= Charles Herbert Colvin =

American aeronautical engineer

Charles Herbert Colvin (March 4, 1893 - July 3, 1985) was an aeronautical engineer who was the co-founder of the Pioneer Instrument Company in Brooklyn, with Brice Herbert Goldsborough and Morris M. Titterington.

==Biography==
Colvin was born in Sterling, Massachusetts, in 1893 to Fred Herbert Colvin (1867–1965) and Mary K. Loring (1869–?). He co-founded the Pioneer Instrument Company in 1919, and sold the company in 1929 to the Bendix Corporation. In the early 1950s, he started Colvin Laboratories, which manufactured aeronautical instruments, in East Orange, New Jersey. He retired from business in 1963.
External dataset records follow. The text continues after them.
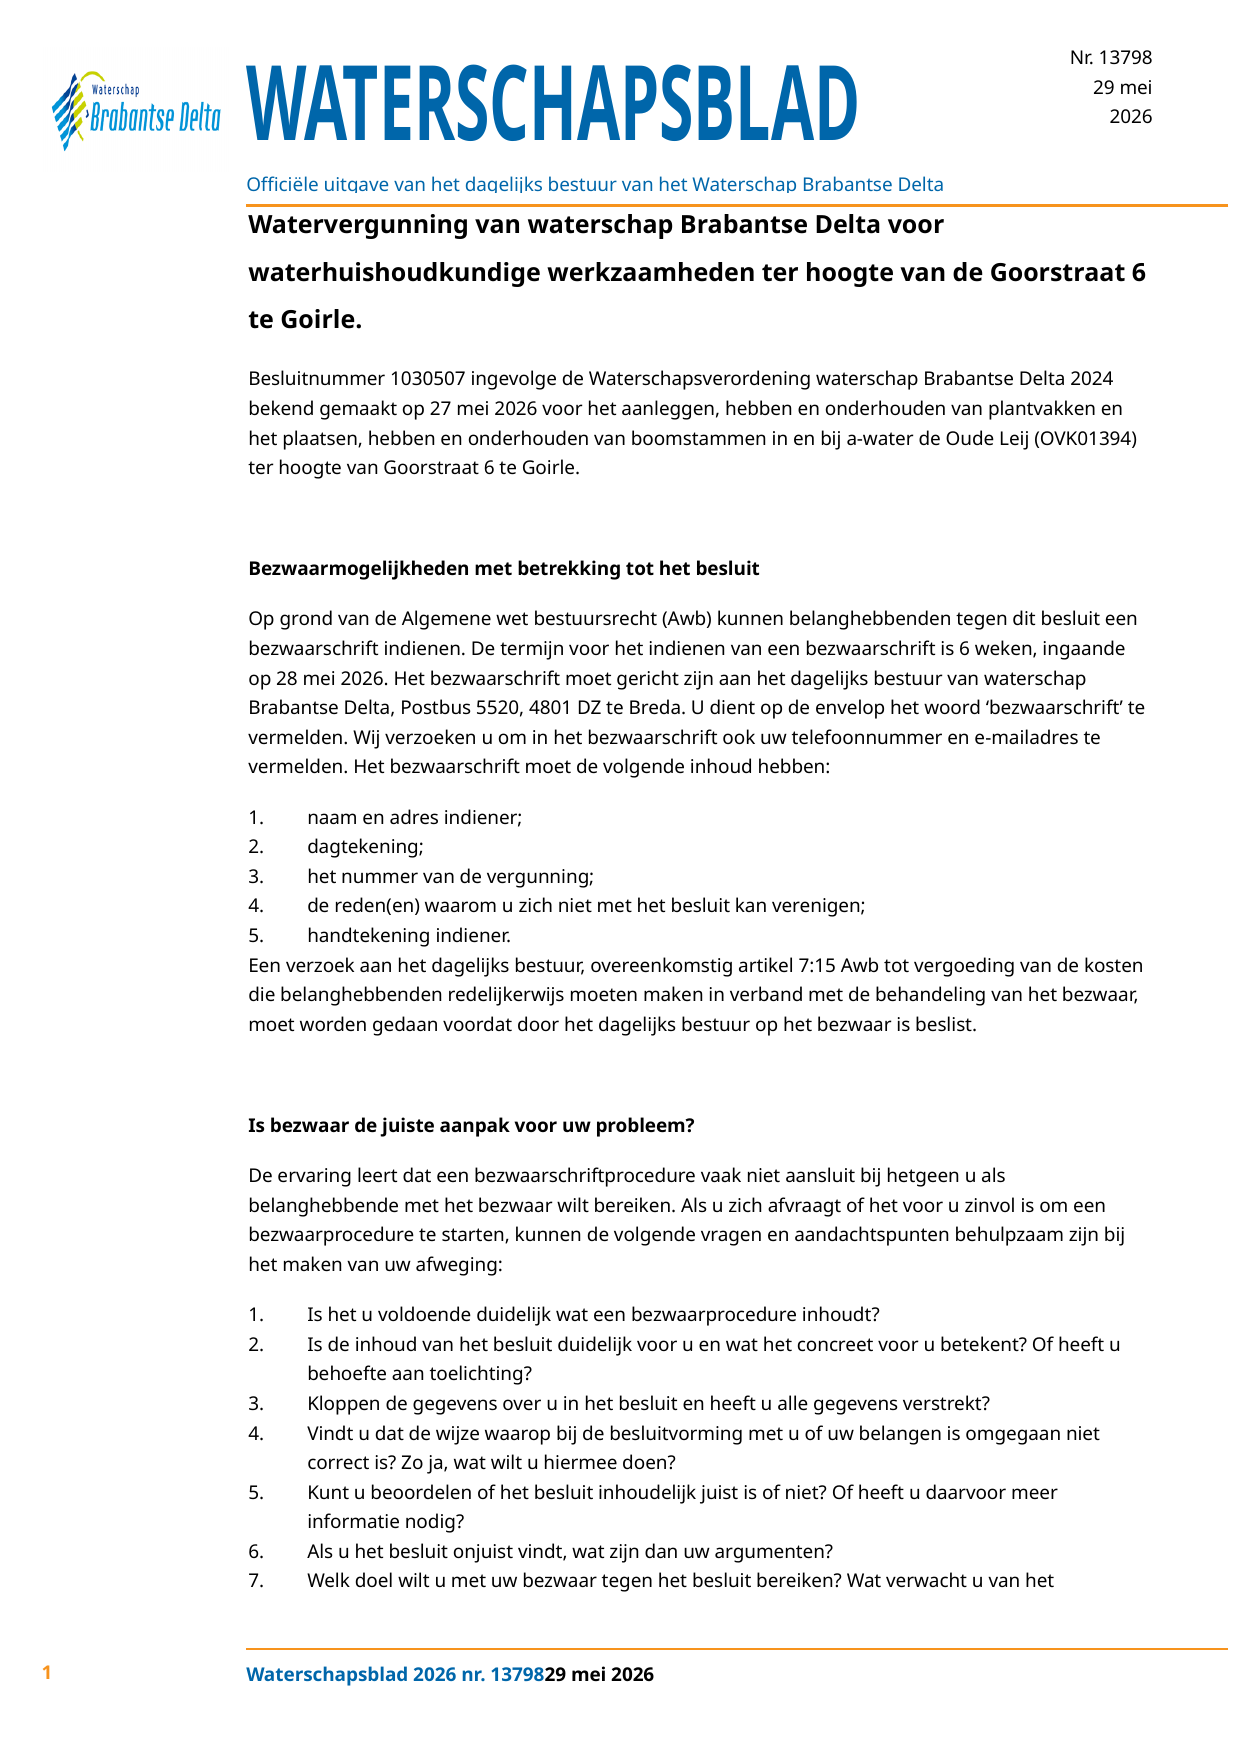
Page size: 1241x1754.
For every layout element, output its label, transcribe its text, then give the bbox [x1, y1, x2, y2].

list de reden(en) waarom u zich niet met het besluit kan verenigen; [248, 893, 1152, 918]
list dagtekening; [248, 833, 1152, 859]
list Is de inhoud van het besluit duidelijk voor u en wat het concreet voor u betekent? Of heeft u behoefte aan toelichting? [248, 1331, 1152, 1386]
list Kunt u beoordelen of het besluit inhoudelijk juist is of niet? Of heeft u daarvoor meer informatie nodig? [248, 1479, 1152, 1534]
list Welk doel wilt u met uw bezwaar tegen het besluit bereiken? Wat verwacht u van het [248, 1568, 1152, 1593]
list Vindt u dat de wijze waarop bij de besluitvorming met u of uw belangen is omgegaan niet correct is? Zo ja, wat wilt u hiermee doen? [248, 1420, 1152, 1475]
list het nummer van de vergunning; [248, 863, 1152, 889]
text Watervergunning van waterschap Brabantse Delta voor waterhuishoudkundige werkzaamheden ter hoogte van de Goorstraat 6 te Goirle. [248, 207, 1152, 336]
text Een verzoek aan het dagelijks bestuur, overeenkomstig artikel 7:15 Awb tot vergoeding van de kosten die belanghebbenden redelijkerwijs moeten maken in verband met de behandeling van het bezwaar, moet worden gedaan voordat door het dagelijks bestuur op het bezwaar is beslist. [248, 952, 1152, 1037]
list Is het u voldoende duidelijk wat een bezwaarprocedure inhoudt? [248, 1301, 1152, 1327]
picture [41, 47, 231, 172]
text Bezwaarmogelijkheden met betrekking tot het besluit [248, 555, 1152, 581]
list handtekening indiener. [248, 922, 1152, 948]
list Kloppen de gegevens over u in het besluit en heeft u alle gegevens verstrekt? [248, 1390, 1152, 1416]
text De ervaring leert dat een bezwaarschriftprocedure vaak niet aansluit bij hetgeen u als belanghebbende met het bezwaar wilt bereiken. Als u zich afvraagt of het voor u zinvol is om een bezwaarprocedure te starten, kunnen de volgende vragen en aandachtspunten behulpzaam zijn bij het maken van uw afweging: [248, 1162, 1152, 1277]
list naam en adres indiener; [248, 804, 1152, 829]
list Als u het besluit onjuist vindt, wat zijn dan uw argumenten? [248, 1538, 1152, 1564]
text Besluitnummer 1030507 ingevolge de Waterschapsverordening waterschap Brabantse Delta 2024 bekend gemaakt op 27 mei 2026 voor het aanleggen, hebben en onderhouden van plantvakken en het plaatsen, hebben en onderhouden van boomstammen in en bij a-water de Oude Leij (OVK01394) ter hoogte van Goorstraat 6 te Goirle. [248, 366, 1152, 480]
text Op grond van de Algemene wet bestuursrecht (Awb) kunnen belanghebbenden tegen dit besluit een bezwaarschrift indienen. De termijn voor het indienen van een bezwaarschrift is 6 weken, ingaande op 28 mei 2026. Het bezwaarschrift moet gericht zijn aan het dagelijks bestuur van waterschap Brabantse Delta, Postbus 5520, 4801 DZ te Breda. U dient op de envelop het woord ‘bezwaarschrift’ te vermelden. Wij verzoeken u om in het bezwaarschrift ook uw telefoonnummer en e‑mailadres te vermelden. Het bezwaarschrift moet de volgende inhoud hebben: [248, 606, 1152, 779]
text Is bezwaar de juiste aanpak voor uw probleem? [248, 1112, 1152, 1137]
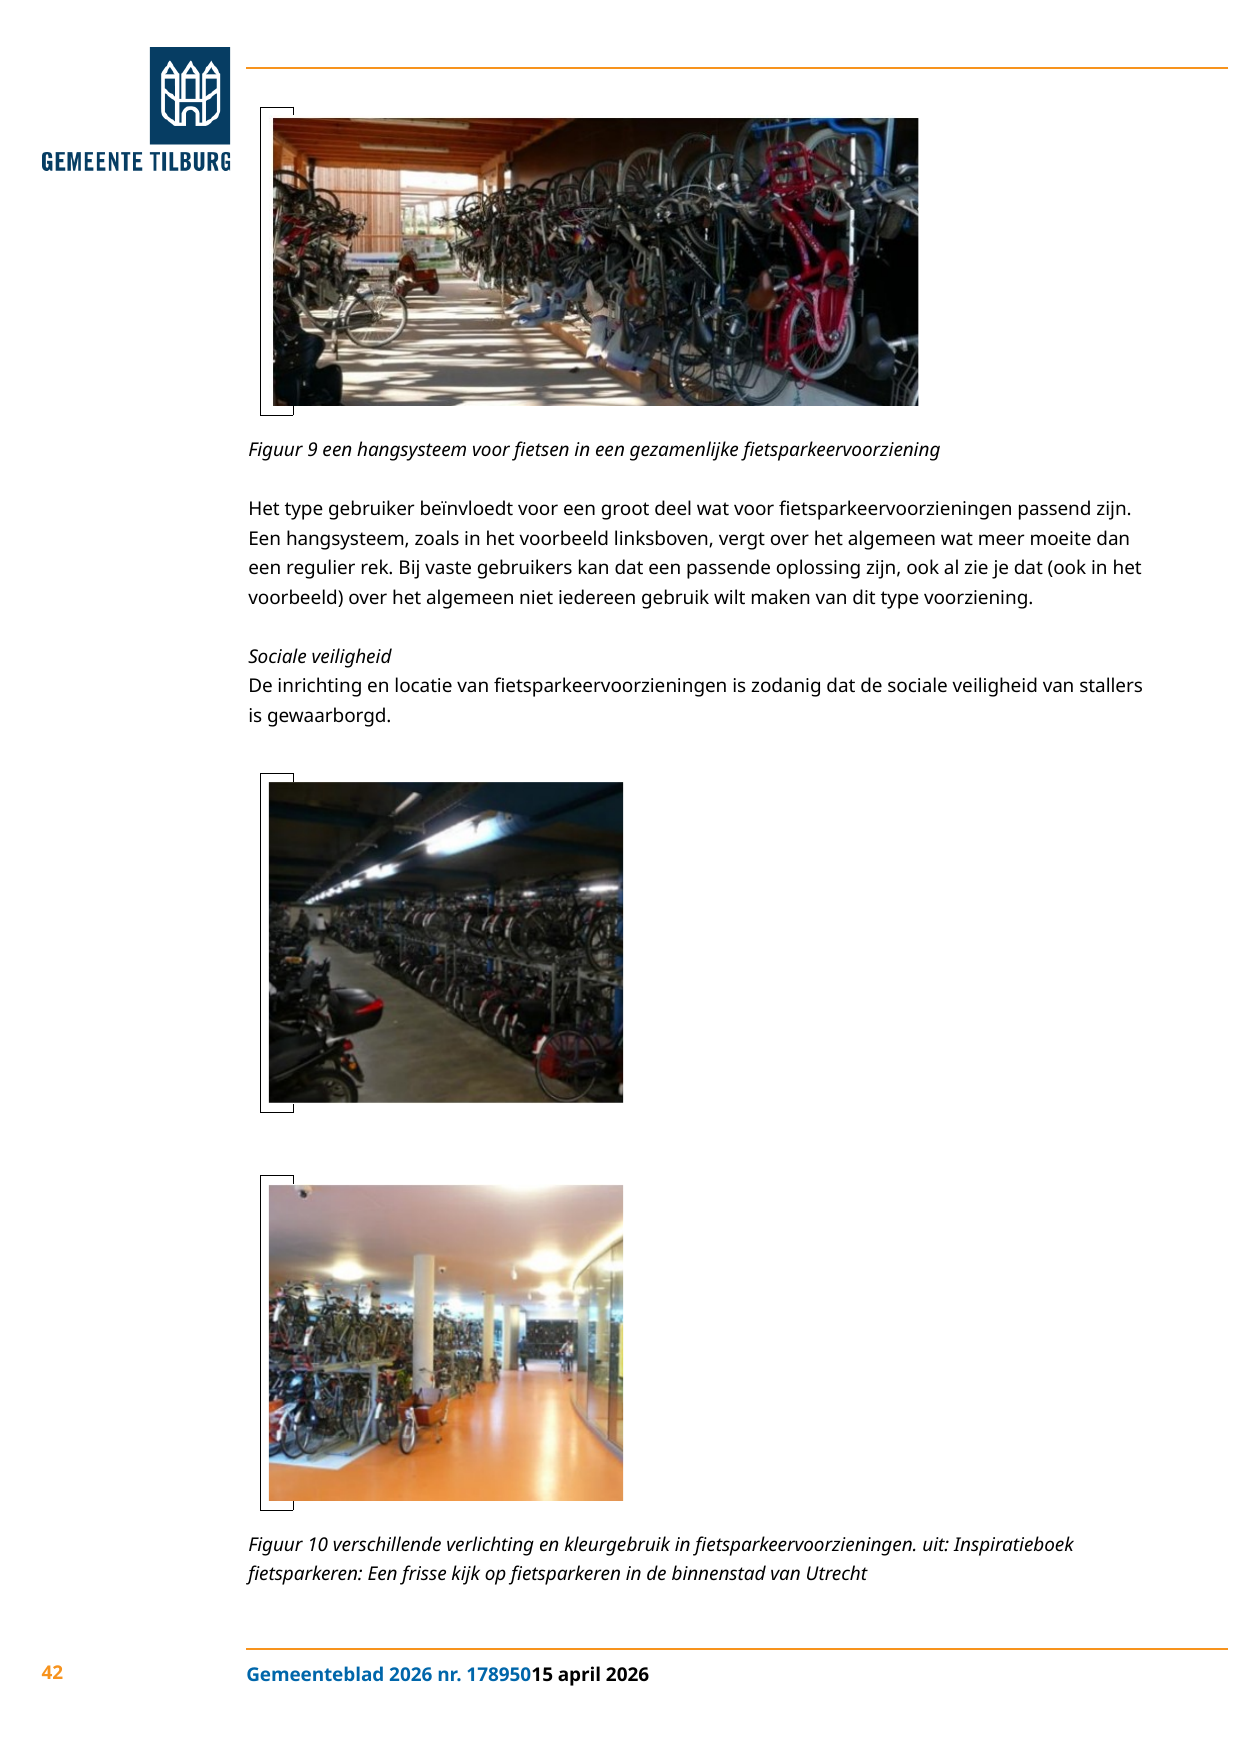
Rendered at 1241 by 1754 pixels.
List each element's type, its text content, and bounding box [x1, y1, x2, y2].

text Sociale veiligheid [248, 643, 1152, 669]
picture [268, 115, 919, 406]
text De inrichting en locatie van fietsparkeervoorzieningen is zodanig dat de sociale veiligheid van stallers is gewaarborgd. [248, 673, 1152, 728]
picture [268, 782, 624, 1104]
picture [268, 1184, 624, 1501]
picture [41, 47, 231, 172]
text Figuur 10 verschillende verlichting en kleurgebruik in fietsparkeervoorzieningen. uit: Inspiratieboek fietsparkeren: Een frisse kijk op fietsparkeren in de binnenstad van Utrecht [248, 1531, 1152, 1586]
text Figuur 9 een hangsysteem voor fietsen in een gezamenlijke fietsparkeervoorziening [248, 436, 1152, 462]
text Het type gebruiker beïnvloedt voor een groot deel wat voor fietsparkeervoorzieningen passend zijn. Een hangsysteem, zoals in het voorbeeld linksboven, vergt over het algemeen wat meer moeite dan een regulier rek. Bij vaste gebruikers kan dat een passende oplossing zijn, ook al zie je dat (ook in het voorbeeld) over het algemeen niet iedereen gebruik wilt maken van dit type voorziening. [248, 495, 1152, 609]

He married Bessie Colvin Davis (c.1900–1956). After her death he married Marjorie Colvin Babcock. He had four children from his first marriage, two daughters, Margaret Colvin Tropp of Woodland Hills, California, and Elizabeth Colvin Davis of Madison, Wisconsin, and two sons, David ("Gene") Colvin, of Old Lyme, Connecticut, and Roger Colvin; a stepdaughter, Dagny Sellorin of Portland, Oregon; a brother, Henry Colvin, of Medford, New Jersey; at the time of his death he had seven grandchildren, and one great-grandchild, Caitlin Colvin. He died July 3, 1985, at St. Joseph Hospital in Ojai, California, after a long illness. He was 92 years old and had been living in Ojai.

==Patent==
- May 6, 1935; "Improvements in navigating and calculating apparatus for aircraft"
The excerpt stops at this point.